### THE TASK
In your copy, leave out the pictures and repeat every record exactly.

Records from a dataset
▶
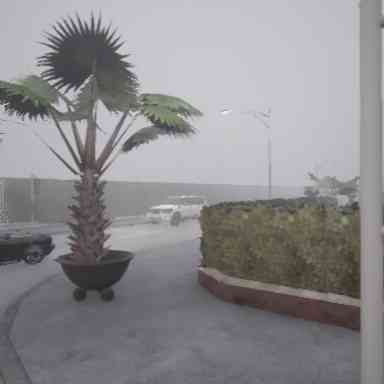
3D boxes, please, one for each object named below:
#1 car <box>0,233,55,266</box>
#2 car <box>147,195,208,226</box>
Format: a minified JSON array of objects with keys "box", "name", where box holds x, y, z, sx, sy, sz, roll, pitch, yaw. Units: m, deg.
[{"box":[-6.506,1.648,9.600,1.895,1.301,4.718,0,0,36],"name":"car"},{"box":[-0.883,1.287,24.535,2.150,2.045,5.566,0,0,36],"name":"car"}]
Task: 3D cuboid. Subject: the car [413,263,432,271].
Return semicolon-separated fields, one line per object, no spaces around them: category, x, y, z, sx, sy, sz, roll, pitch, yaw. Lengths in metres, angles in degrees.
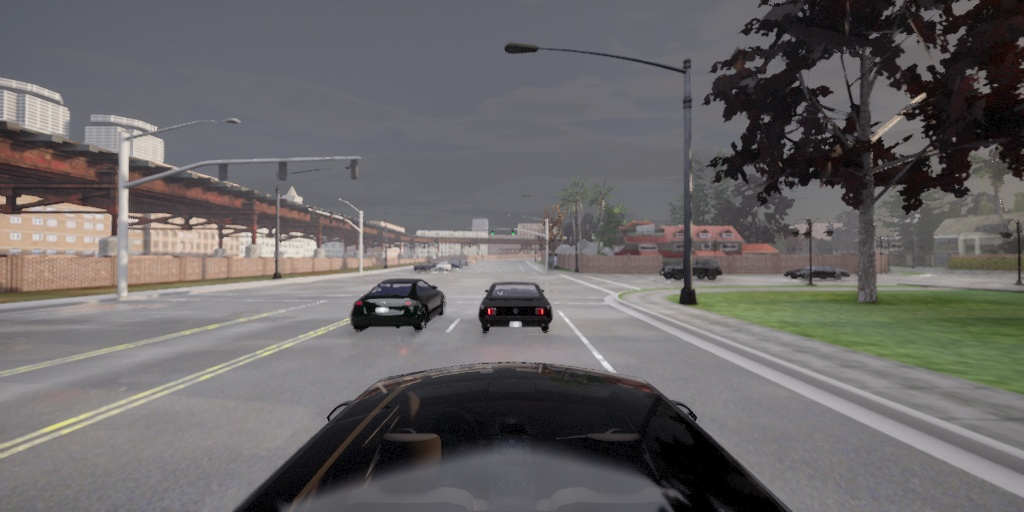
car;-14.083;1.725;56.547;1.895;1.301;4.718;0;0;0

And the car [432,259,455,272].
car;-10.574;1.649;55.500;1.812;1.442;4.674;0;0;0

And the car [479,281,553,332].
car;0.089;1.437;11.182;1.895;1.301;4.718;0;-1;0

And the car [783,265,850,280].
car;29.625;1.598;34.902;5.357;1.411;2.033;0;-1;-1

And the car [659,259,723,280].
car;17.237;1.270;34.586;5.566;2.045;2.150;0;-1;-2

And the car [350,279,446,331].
◀
### SOLUTION TO THIS TASK
3D boxes, please, one for each object named below:
#1 car <box>0,233,55,266</box>
#2 car <box>147,195,208,226</box>
Format: a minified JSON array of objects with keys "box", "name", where box holds x, y, z, sx, sy, sz, roll, pitch, yaw. Units: m, deg.
[{"box":[-6.506,1.648,9.600,1.895,1.301,4.718,0,0,36],"name":"car"},{"box":[-0.883,1.287,24.535,2.150,2.045,5.566,0,0,36],"name":"car"}]
Task: 3D cuboid. Subject: the car [413,263,432,271].
Return semicolon-separated fields, one line per object, no spaces around them: category, x, y, z, sx, sy, sz, roll, pitch, yaw. Lengths in metres, angles in degrees.
car;-14.083;1.725;56.547;1.895;1.301;4.718;0;0;0

And the car [432,259,455,272].
car;-10.574;1.649;55.500;1.812;1.442;4.674;0;0;0

And the car [479,281,553,332].
car;0.089;1.437;11.182;1.895;1.301;4.718;0;-1;0

And the car [783,265,850,280].
car;29.625;1.598;34.902;5.357;1.411;2.033;0;-1;-1

And the car [659,259,723,280].
car;17.237;1.270;34.586;5.566;2.045;2.150;0;-1;-2

And the car [350,279,446,331].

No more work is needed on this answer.